Back to Hugo + Cloudflare Pages for my personal site. Realized how important pure text themes, flexibility, and Markdown were over Ghost’s editor, media embeds, and newsletters/network. Ultimately found the editor slowed me down and the themes were too media heavy/glossy for me.

And though I’ve always found the fiddly parts of programming the most calming, and the most essential, I’m not especially good at them. I’ve failed many classic coding interview tests of the kind you find at Big Tech companies. The thing I’m relatively good at is knowing what’s worth building, what users like, how to communicate both technically and humanely. A friend of mine has called this A.I. moment “the revenge of the so-so programmer.” As coding per se begins to matter less, maybe softer skills will shine.

The whole (long) article about AI and coding from James Somers is excellent, but this point specifically was highly relatable. I am the literal embodiment of the so-so programmer. 😅

One of the most counter-intuitive phenomena in trust repair is where initial success in building trust leads to a short-term surge in reported ‘negative metrics’.

When institutions successfully remove this barrier by demonstrating responsiveness and competence, citizens are suddenly incentivised to report issues, believing the effort is worthwhile. This resulting spike in reported complaints or low-level ASB is not a sign of rising disorder, but the successful conversion of latent, unreported incidents into official, actionable data.

This is an excellent exploration on how to both enact change AND how to interpret its signals.
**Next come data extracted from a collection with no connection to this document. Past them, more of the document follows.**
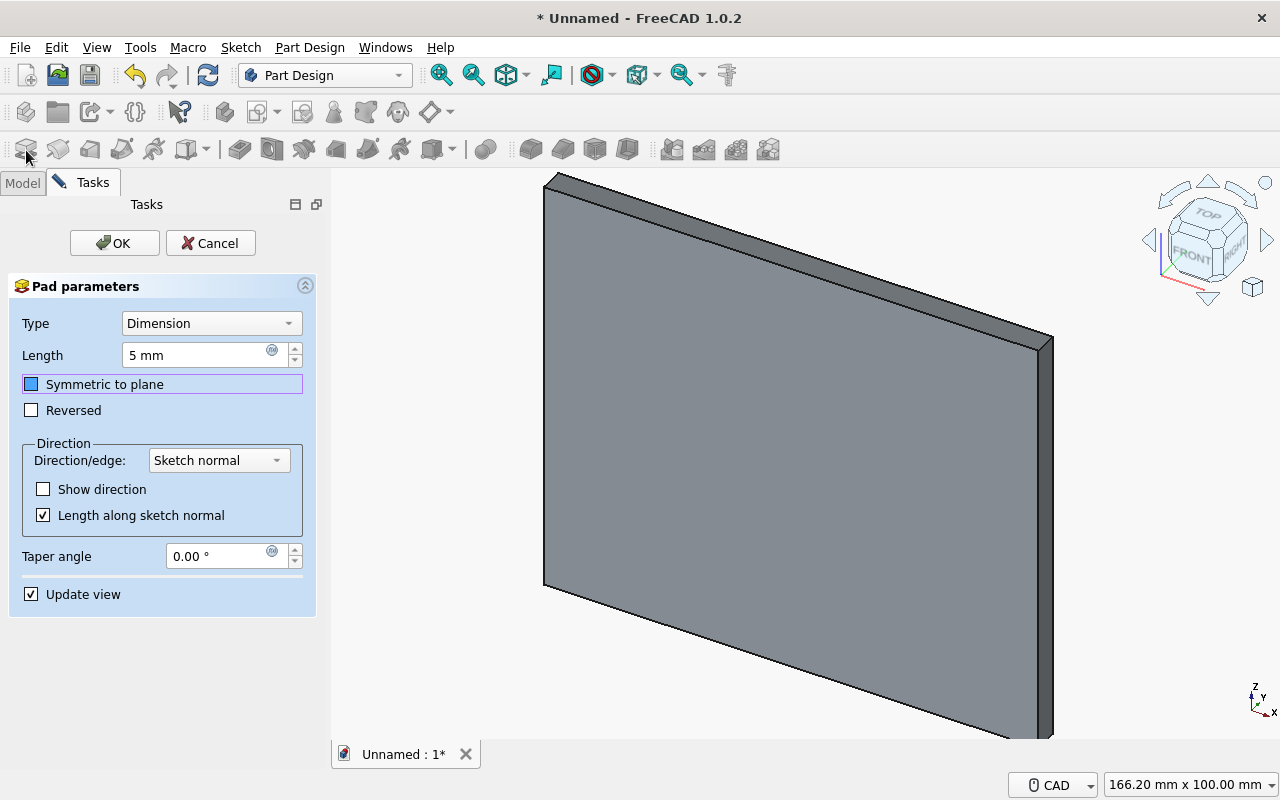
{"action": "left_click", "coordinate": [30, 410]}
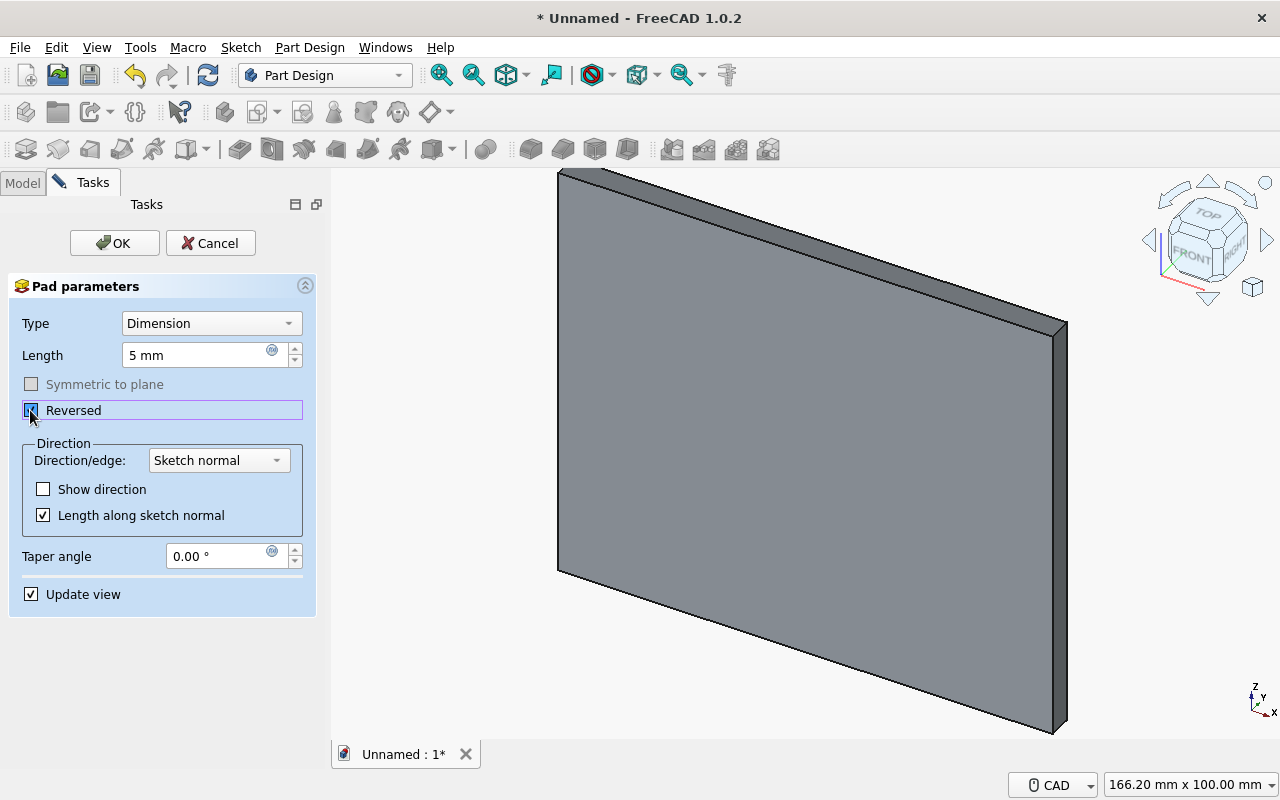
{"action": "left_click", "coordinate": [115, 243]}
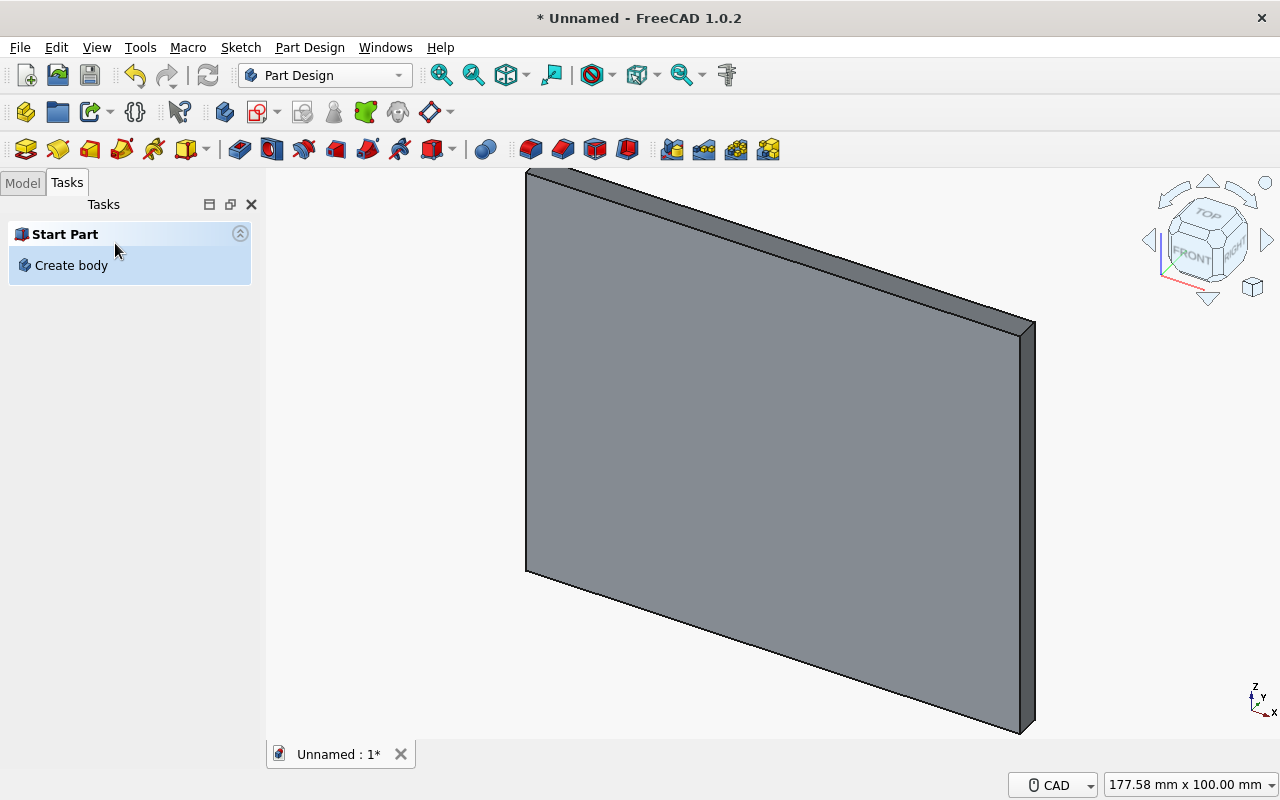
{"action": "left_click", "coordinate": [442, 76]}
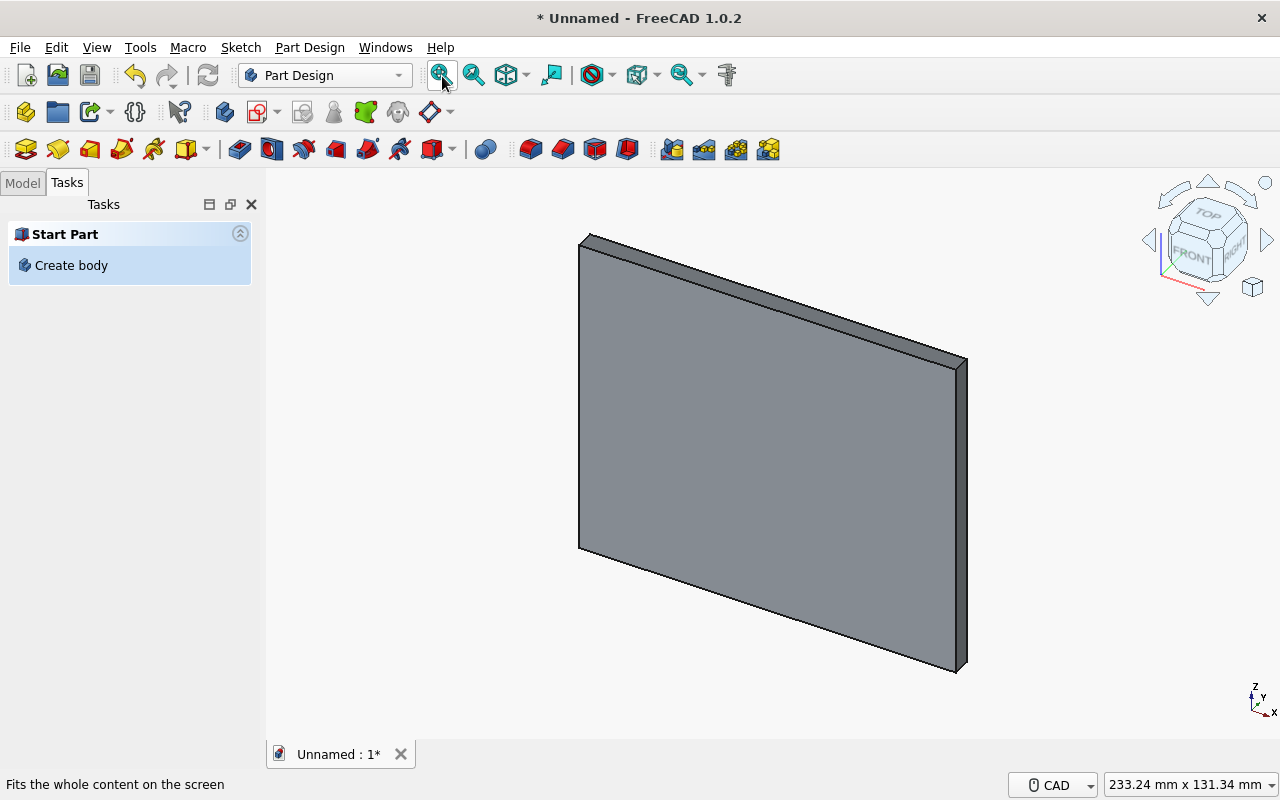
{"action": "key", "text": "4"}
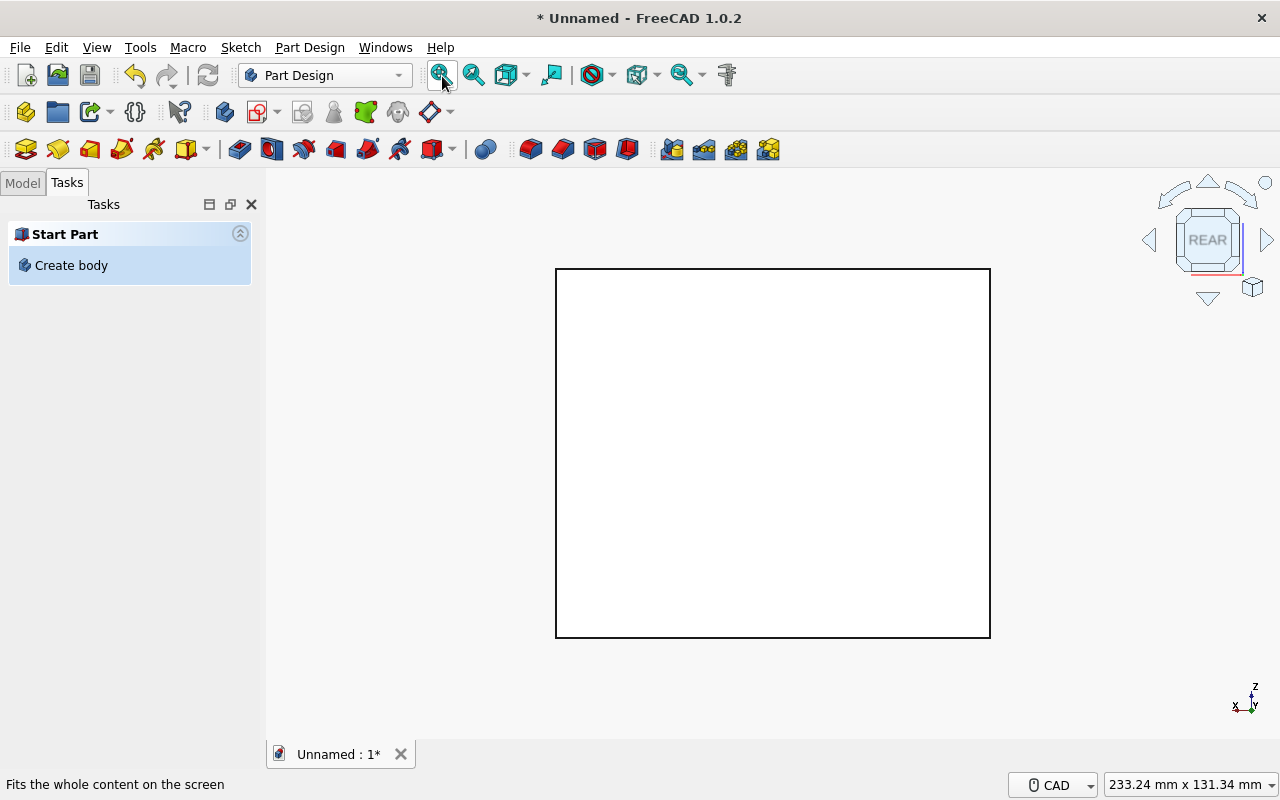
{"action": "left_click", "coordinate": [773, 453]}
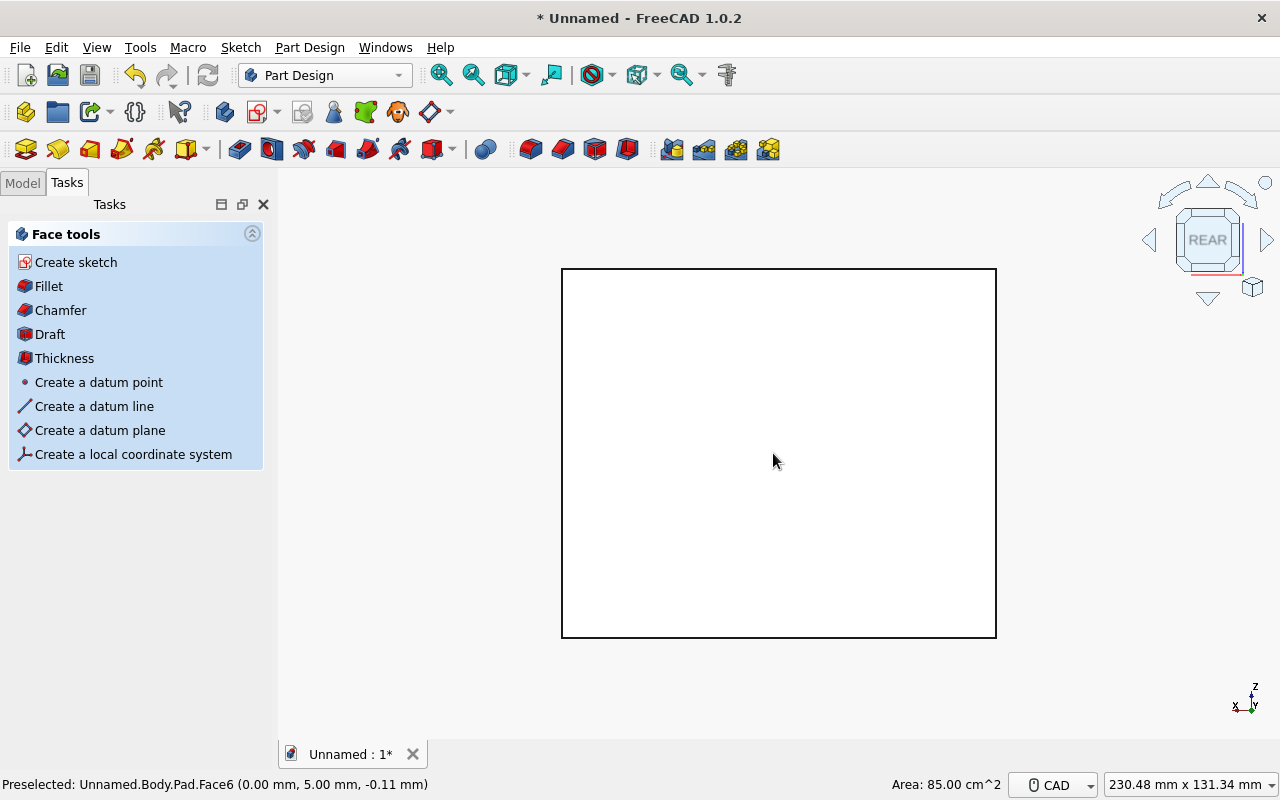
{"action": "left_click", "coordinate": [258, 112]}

So much good stuff here.

Senior engineers look at the big, messy, abstract thing and start digging:

  • They ask questions nobody else thought to ask.
  • They separate what matters from noise.
  • They identify what should be done now vs. what to punt.

And you know what’s funny? When senior engineers do this well, it looks easy. Like nothing was even done. The project just… goes smoothly. Fewer surprises, production fires, or emergency meetings. But what actually happened was that someone did a lot of invisible work upfront.

Absolutely perfect, spot-on analysis.

This post by Molly Graham is excellent. I’ve never really liked the blindly-follow vibe of “disagree and commit”. The original intent was to enable decision making and drive alignment, and while that’s noble, enough bad actors have abused it to the point that It’s become a buzzword excuse they can use to justify squashing discussion and getting their way. I’ve definitely seen it happen.

Molly’s take is much smarter, far more nuanced, and as a leader, far more achievable. You don’t have to feel like you’re selling something you don’t believe in, but rather can acknowledge that the team is making an educated guess that will be assessed and reviewed afterwards. That builds trust, helps everyone learn, and is much easier to get behind. So, so much better. 👏

Kind of shocking to me that the majority of job postings still list number of years as a requirement.

First and most importantly, this shows an (unintentional?) implicit bias against underrepresented groups, cutting out those with non-linear career paths and those who have faced systematic barriers (women, people of color, minorities). Diversity is so critical for a team’s overall success, as any good product should have representation of its customer base.

Secondly, years of experience is in no way a proxy for competence. Some of the very best people I’ve worked with had a year of experience, and some of the biggest duds were people with dozens of years of experience. Smarts, ambition, and attitude are what matter, not years.

When in doubt, share your professional failures. If you’ve had any level of success in your career, sharing failures shows there’s room for growth for everyone at all levels. Nobody’s perfect and we all struggle at times, so people appreciate and connect with those kinds of experiences far more than some glossy accomplishment.

So share your tough moments and your missteps. Be honest and transparent. It might be hard to do and maybe even a little embarrassing, but that little bit of selflessness is an excellent way to teach and help grow others.